Copy every entry below verbatim, except for images.
[[ LISTED ENTRIES open ]]
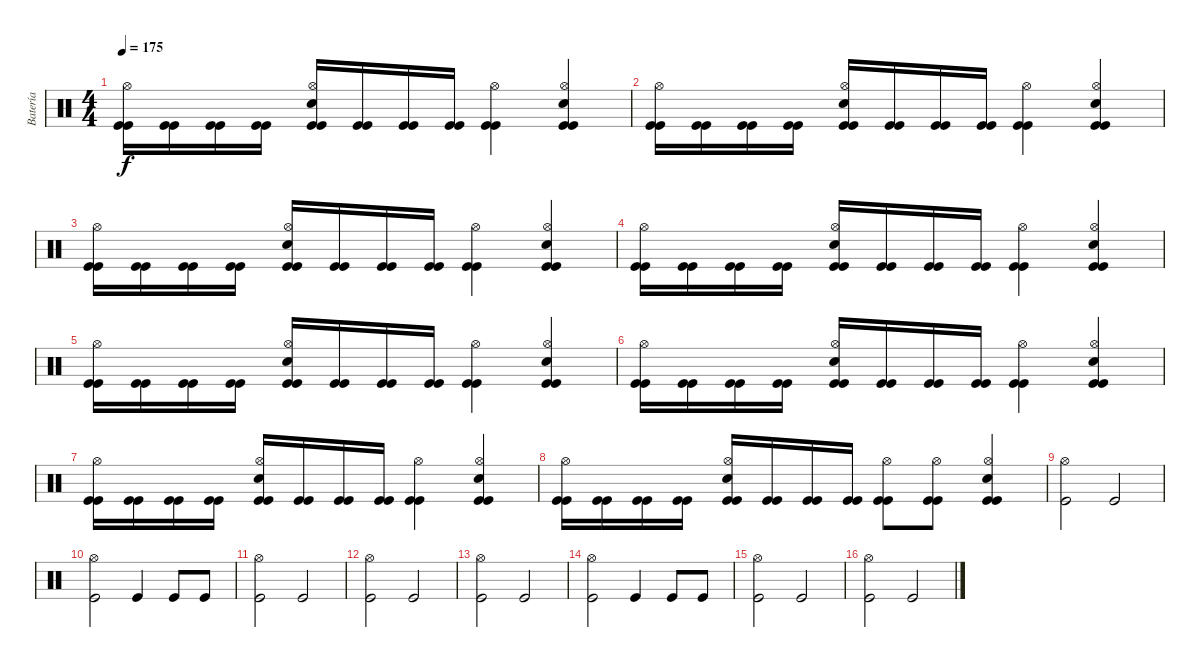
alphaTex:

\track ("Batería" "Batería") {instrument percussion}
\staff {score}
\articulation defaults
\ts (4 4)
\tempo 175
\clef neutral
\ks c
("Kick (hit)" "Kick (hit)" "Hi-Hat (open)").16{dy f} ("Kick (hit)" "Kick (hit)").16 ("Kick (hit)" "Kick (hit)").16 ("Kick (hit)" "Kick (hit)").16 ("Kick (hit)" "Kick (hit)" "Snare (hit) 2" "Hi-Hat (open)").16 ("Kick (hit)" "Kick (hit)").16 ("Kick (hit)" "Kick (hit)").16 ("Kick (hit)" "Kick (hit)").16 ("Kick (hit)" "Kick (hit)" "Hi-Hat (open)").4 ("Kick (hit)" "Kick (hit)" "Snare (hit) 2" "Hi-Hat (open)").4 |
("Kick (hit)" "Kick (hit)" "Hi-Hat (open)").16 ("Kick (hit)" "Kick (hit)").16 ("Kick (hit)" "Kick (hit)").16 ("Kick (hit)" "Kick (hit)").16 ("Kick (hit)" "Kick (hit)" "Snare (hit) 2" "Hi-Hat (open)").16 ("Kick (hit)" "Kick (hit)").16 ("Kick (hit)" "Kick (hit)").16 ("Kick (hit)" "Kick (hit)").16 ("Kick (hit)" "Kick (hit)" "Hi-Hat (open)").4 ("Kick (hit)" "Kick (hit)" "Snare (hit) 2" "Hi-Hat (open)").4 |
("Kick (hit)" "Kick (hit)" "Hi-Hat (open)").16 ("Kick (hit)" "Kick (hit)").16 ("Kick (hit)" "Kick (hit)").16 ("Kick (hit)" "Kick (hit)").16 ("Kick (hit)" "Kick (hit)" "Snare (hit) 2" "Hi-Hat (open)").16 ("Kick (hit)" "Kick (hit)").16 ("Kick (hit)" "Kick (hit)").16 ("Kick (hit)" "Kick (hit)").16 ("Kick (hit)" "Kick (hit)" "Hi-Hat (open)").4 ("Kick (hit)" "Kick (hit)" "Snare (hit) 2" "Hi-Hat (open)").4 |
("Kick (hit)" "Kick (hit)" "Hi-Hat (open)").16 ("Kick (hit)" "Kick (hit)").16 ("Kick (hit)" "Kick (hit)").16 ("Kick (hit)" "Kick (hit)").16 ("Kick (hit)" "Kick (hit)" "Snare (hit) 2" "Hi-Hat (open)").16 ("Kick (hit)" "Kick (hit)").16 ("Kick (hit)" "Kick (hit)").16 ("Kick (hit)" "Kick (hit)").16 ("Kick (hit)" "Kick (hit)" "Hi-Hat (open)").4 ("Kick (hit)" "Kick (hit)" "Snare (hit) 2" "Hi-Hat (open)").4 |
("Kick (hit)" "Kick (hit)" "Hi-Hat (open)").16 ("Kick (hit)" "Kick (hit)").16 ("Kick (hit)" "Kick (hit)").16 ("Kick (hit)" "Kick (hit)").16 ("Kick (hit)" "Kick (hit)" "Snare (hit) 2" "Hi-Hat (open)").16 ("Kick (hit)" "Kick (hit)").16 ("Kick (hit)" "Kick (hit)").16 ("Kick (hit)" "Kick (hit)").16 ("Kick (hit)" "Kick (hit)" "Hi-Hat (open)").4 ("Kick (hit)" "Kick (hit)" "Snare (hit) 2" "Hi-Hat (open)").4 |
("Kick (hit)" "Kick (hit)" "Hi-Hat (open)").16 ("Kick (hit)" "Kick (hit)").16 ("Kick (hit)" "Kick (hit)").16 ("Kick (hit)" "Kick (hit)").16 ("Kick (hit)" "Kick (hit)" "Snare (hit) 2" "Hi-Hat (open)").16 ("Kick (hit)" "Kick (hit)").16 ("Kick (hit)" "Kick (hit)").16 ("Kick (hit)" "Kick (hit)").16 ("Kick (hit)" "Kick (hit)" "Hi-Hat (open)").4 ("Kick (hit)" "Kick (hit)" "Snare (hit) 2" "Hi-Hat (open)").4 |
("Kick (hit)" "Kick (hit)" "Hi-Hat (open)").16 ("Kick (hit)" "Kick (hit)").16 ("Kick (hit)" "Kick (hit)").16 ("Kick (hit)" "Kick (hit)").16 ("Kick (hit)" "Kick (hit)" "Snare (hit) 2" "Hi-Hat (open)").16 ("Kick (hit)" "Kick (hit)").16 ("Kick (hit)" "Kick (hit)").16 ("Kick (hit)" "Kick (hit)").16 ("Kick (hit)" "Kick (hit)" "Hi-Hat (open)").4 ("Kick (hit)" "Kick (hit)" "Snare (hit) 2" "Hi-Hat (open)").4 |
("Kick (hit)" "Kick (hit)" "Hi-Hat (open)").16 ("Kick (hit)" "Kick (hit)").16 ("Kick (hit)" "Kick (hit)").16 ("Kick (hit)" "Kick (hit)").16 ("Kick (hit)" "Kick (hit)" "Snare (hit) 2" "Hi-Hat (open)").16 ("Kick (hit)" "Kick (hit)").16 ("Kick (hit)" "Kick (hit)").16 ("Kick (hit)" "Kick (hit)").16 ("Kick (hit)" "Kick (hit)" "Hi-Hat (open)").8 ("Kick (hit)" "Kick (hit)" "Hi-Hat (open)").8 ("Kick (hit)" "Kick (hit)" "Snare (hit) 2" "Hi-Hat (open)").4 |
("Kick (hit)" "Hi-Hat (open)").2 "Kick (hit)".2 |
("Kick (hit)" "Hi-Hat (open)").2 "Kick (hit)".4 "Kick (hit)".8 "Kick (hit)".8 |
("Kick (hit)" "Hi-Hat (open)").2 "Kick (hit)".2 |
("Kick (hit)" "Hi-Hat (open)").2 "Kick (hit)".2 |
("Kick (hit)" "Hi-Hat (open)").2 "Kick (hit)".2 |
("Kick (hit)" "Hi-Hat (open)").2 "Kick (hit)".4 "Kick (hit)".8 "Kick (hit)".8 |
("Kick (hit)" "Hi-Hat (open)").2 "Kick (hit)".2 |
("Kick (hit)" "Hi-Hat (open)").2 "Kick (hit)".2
[[ LISTED ENTRIES closed ]]
# FINAL ANSWER
alphaTex:

\track ("Batería" "Batería") {instrument percussion}
\staff {score}
\articulation defaults
\ts (4 4)
\tempo 175
\clef neutral
\ks c
("Kick (hit)" "Kick (hit)" "Hi-Hat (open)").16{dy f} ("Kick (hit)" "Kick (hit)").16 ("Kick (hit)" "Kick (hit)").16 ("Kick (hit)" "Kick (hit)").16 ("Kick (hit)" "Kick (hit)" "Snare (hit) 2" "Hi-Hat (open)").16 ("Kick (hit)" "Kick (hit)").16 ("Kick (hit)" "Kick (hit)").16 ("Kick (hit)" "Kick (hit)").16 ("Kick (hit)" "Kick (hit)" "Hi-Hat (open)").4 ("Kick (hit)" "Kick (hit)" "Snare (hit) 2" "Hi-Hat (open)").4 |
("Kick (hit)" "Kick (hit)" "Hi-Hat (open)").16 ("Kick (hit)" "Kick (hit)").16 ("Kick (hit)" "Kick (hit)").16 ("Kick (hit)" "Kick (hit)").16 ("Kick (hit)" "Kick (hit)" "Snare (hit) 2" "Hi-Hat (open)").16 ("Kick (hit)" "Kick (hit)").16 ("Kick (hit)" "Kick (hit)").16 ("Kick (hit)" "Kick (hit)").16 ("Kick (hit)" "Kick (hit)" "Hi-Hat (open)").4 ("Kick (hit)" "Kick (hit)" "Snare (hit) 2" "Hi-Hat (open)").4 |
("Kick (hit)" "Kick (hit)" "Hi-Hat (open)").16 ("Kick (hit)" "Kick (hit)").16 ("Kick (hit)" "Kick (hit)").16 ("Kick (hit)" "Kick (hit)").16 ("Kick (hit)" "Kick (hit)" "Snare (hit) 2" "Hi-Hat (open)").16 ("Kick (hit)" "Kick (hit)").16 ("Kick (hit)" "Kick (hit)").16 ("Kick (hit)" "Kick (hit)").16 ("Kick (hit)" "Kick (hit)" "Hi-Hat (open)").4 ("Kick (hit)" "Kick (hit)" "Snare (hit) 2" "Hi-Hat (open)").4 |
("Kick (hit)" "Kick (hit)" "Hi-Hat (open)").16 ("Kick (hit)" "Kick (hit)").16 ("Kick (hit)" "Kick (hit)").16 ("Kick (hit)" "Kick (hit)").16 ("Kick (hit)" "Kick (hit)" "Snare (hit) 2" "Hi-Hat (open)").16 ("Kick (hit)" "Kick (hit)").16 ("Kick (hit)" "Kick (hit)").16 ("Kick (hit)" "Kick (hit)").16 ("Kick (hit)" "Kick (hit)" "Hi-Hat (open)").4 ("Kick (hit)" "Kick (hit)" "Snare (hit) 2" "Hi-Hat (open)").4 |
("Kick (hit)" "Kick (hit)" "Hi-Hat (open)").16 ("Kick (hit)" "Kick (hit)").16 ("Kick (hit)" "Kick (hit)").16 ("Kick (hit)" "Kick (hit)").16 ("Kick (hit)" "Kick (hit)" "Snare (hit) 2" "Hi-Hat (open)").16 ("Kick (hit)" "Kick (hit)").16 ("Kick (hit)" "Kick (hit)").16 ("Kick (hit)" "Kick (hit)").16 ("Kick (hit)" "Kick (hit)" "Hi-Hat (open)").4 ("Kick (hit)" "Kick (hit)" "Snare (hit) 2" "Hi-Hat (open)").4 |
("Kick (hit)" "Kick (hit)" "Hi-Hat (open)").16 ("Kick (hit)" "Kick (hit)").16 ("Kick (hit)" "Kick (hit)").16 ("Kick (hit)" "Kick (hit)").16 ("Kick (hit)" "Kick (hit)" "Snare (hit) 2" "Hi-Hat (open)").16 ("Kick (hit)" "Kick (hit)").16 ("Kick (hit)" "Kick (hit)").16 ("Kick (hit)" "Kick (hit)").16 ("Kick (hit)" "Kick (hit)" "Hi-Hat (open)").4 ("Kick (hit)" "Kick (hit)" "Snare (hit) 2" "Hi-Hat (open)").4 |
("Kick (hit)" "Kick (hit)" "Hi-Hat (open)").16 ("Kick (hit)" "Kick (hit)").16 ("Kick (hit)" "Kick (hit)").16 ("Kick (hit)" "Kick (hit)").16 ("Kick (hit)" "Kick (hit)" "Snare (hit) 2" "Hi-Hat (open)").16 ("Kick (hit)" "Kick (hit)").16 ("Kick (hit)" "Kick (hit)").16 ("Kick (hit)" "Kick (hit)").16 ("Kick (hit)" "Kick (hit)" "Hi-Hat (open)").4 ("Kick (hit)" "Kick (hit)" "Snare (hit) 2" "Hi-Hat (open)").4 |
("Kick (hit)" "Kick (hit)" "Hi-Hat (open)").16 ("Kick (hit)" "Kick (hit)").16 ("Kick (hit)" "Kick (hit)").16 ("Kick (hit)" "Kick (hit)").16 ("Kick (hit)" "Kick (hit)" "Snare (hit) 2" "Hi-Hat (open)").16 ("Kick (hit)" "Kick (hit)").16 ("Kick (hit)" "Kick (hit)").16 ("Kick (hit)" "Kick (hit)").16 ("Kick (hit)" "Kick (hit)" "Hi-Hat (open)").8 ("Kick (hit)" "Kick (hit)" "Hi-Hat (open)").8 ("Kick (hit)" "Kick (hit)" "Snare (hit) 2" "Hi-Hat (open)").4 |
("Kick (hit)" "Hi-Hat (open)").2 "Kick (hit)".2 |
("Kick (hit)" "Hi-Hat (open)").2 "Kick (hit)".4 "Kick (hit)".8 "Kick (hit)".8 |
("Kick (hit)" "Hi-Hat (open)").2 "Kick (hit)".2 |
("Kick (hit)" "Hi-Hat (open)").2 "Kick (hit)".2 |
("Kick (hit)" "Hi-Hat (open)").2 "Kick (hit)".2 |
("Kick (hit)" "Hi-Hat (open)").2 "Kick (hit)".4 "Kick (hit)".8 "Kick (hit)".8 |
("Kick (hit)" "Hi-Hat (open)").2 "Kick (hit)".2 |
("Kick (hit)" "Hi-Hat (open)").2 "Kick (hit)".2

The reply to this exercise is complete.